The equation for the momentum, p, of the photon is given by:

p= h/ gamma

where h is h-bar (which is ~equivalent 1.0546e-34 j*s) and gamma is the wavelength of the photon. With photons within the range of 500-700nm (visible light) this results in a imparted momentum in the magnitude of 1e-31, which means only very, very high power lasers would impart anything noticable by a person. But then, said lasers are probably vehicle mounted anyway, due to power and cooling requirments.

[ If you would like a more indepth explanation of this stuff, see here:
http://math.ucr.edu/home/baez/physics/R ... _mass.html
or
http://scienceworld.wolfram.com/physics/Photon.html ]

Also, contrary to popular believe, lasers would not cause a neat, cauterized hole. A weapons grade laser would vapourize the tissue at the impact site, causing a preassure wave on the surrounding tissue. This would cause a small crater on the surface about a magnitude bigger than the beam (so ~20 times the beams diameter). Ideally, the laser would then wait for the fraction of a second needed for the steam cloud to disipate before firing a subsequent pulse so the steam did not act as a buffer to the target. This process would continue until the taret was penetrated (probalby just a fraction of a second).

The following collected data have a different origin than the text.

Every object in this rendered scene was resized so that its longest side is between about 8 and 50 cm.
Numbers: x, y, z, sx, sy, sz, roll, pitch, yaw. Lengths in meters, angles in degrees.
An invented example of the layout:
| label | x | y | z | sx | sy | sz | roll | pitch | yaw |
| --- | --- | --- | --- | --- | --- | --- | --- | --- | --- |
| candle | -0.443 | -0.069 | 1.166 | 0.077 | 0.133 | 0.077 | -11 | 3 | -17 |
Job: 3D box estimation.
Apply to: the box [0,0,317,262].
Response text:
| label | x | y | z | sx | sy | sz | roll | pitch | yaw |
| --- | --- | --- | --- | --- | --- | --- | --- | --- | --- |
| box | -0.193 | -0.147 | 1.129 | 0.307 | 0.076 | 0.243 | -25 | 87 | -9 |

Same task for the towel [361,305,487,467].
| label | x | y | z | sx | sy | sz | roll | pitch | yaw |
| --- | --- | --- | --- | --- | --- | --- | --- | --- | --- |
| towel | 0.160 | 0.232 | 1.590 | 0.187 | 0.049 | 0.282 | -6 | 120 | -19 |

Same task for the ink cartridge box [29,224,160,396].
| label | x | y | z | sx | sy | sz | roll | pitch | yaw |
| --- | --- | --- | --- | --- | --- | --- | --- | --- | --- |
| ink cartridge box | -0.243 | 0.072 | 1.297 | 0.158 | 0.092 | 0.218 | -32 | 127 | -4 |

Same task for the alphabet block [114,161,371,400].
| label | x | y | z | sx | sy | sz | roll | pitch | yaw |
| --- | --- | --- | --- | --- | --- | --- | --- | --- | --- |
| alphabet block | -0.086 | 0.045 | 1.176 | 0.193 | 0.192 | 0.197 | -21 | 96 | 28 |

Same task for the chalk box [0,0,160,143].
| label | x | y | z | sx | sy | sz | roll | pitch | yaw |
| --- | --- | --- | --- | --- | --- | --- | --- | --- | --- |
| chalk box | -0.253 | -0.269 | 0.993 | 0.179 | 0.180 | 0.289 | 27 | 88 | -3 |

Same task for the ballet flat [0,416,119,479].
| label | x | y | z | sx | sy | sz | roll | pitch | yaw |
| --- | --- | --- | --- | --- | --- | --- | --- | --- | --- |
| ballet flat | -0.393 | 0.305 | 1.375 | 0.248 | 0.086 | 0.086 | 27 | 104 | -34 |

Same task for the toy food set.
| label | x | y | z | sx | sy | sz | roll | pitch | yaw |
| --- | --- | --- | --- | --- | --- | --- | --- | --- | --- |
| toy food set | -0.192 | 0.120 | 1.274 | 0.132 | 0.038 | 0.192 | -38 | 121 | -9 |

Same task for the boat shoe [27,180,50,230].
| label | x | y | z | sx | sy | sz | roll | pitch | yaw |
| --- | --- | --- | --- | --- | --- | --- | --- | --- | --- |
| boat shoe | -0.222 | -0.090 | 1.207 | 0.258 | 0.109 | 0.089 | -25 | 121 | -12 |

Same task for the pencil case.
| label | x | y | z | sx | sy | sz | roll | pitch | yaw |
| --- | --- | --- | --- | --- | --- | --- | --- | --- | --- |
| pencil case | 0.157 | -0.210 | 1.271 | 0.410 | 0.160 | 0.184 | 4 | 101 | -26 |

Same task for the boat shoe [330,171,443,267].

Since the damage mechanism is mechanical in origin (the steam's preassure) there would be no cauterization, just a messy hole, pretty close to what a gun would cause, except the gore would go out both ways.

 

[Legix]

... So do laser weaponry in the setting have recoil? I figure no, but I can see "cinematic effect" being used for if they do. This is one lengthy talk that really doesn't answer the question posed... it just seems a lot like people arguing theories and possible science behind it.

 

[Navian]

I would sooner go with there being two types of weapons. Plasma weapons shoot physical projectiles (hot gas) so they may have recoil, lasers not so much, but they probably look similar (pew pew beams of colour, since invisible lasers are boring in anime.)

Pulse lasers make explosions on the surface of the target, beam lasers carve holes, and the really good weapons can switch modes, so you don't have to be stuck with the version that's less fun that day.